__WHAT YOU ARE ASKED TO DO__
After locating the line with "Click on the Task", retype it and every later line exactly, stopping at the end of the records.

(Items from a data source)
****
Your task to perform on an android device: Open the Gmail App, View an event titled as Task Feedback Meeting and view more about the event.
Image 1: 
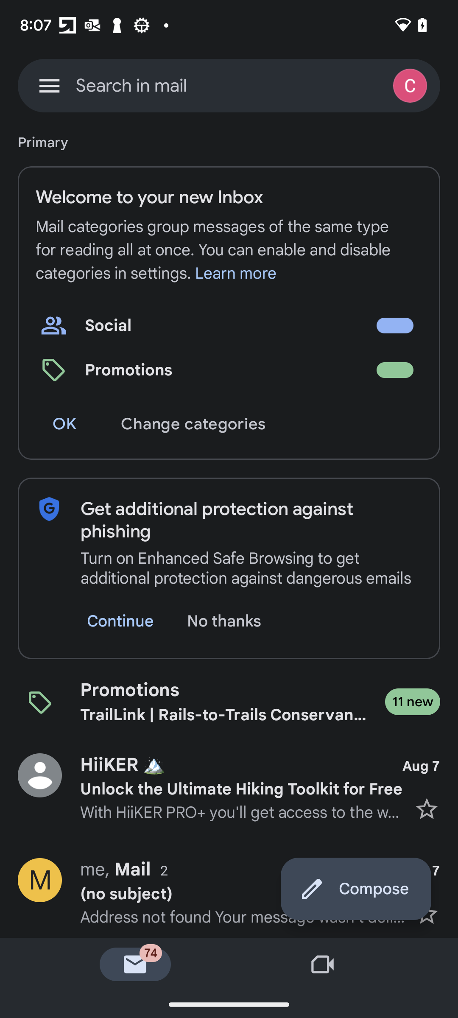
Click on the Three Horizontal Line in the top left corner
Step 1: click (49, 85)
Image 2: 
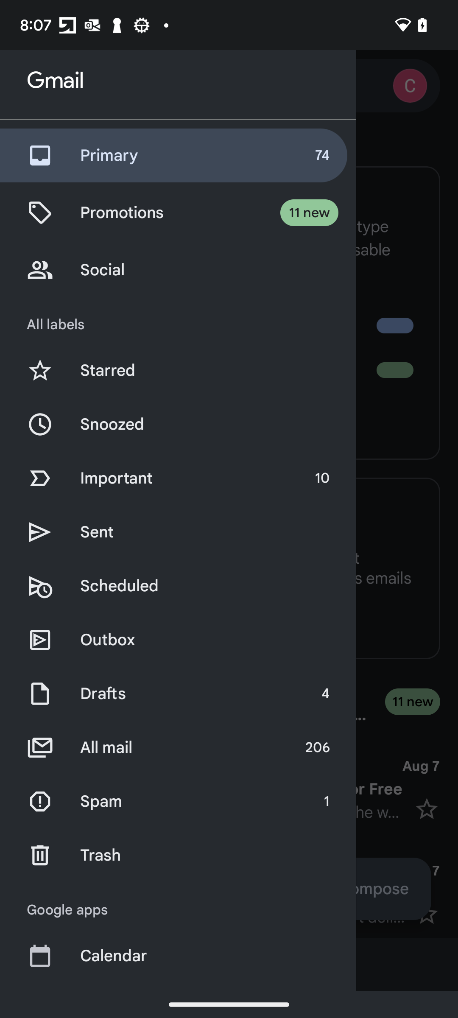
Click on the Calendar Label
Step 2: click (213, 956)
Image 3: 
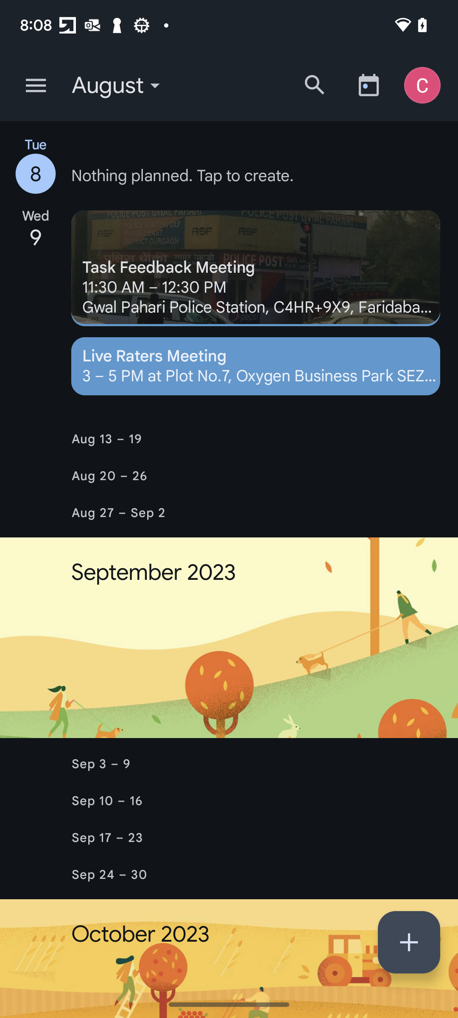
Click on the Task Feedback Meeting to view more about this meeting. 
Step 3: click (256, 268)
****
__EXERCISE OUTPUT__
Click on the Task Feedback Meeting to view more about this meeting. 
Step 3: click (256, 268)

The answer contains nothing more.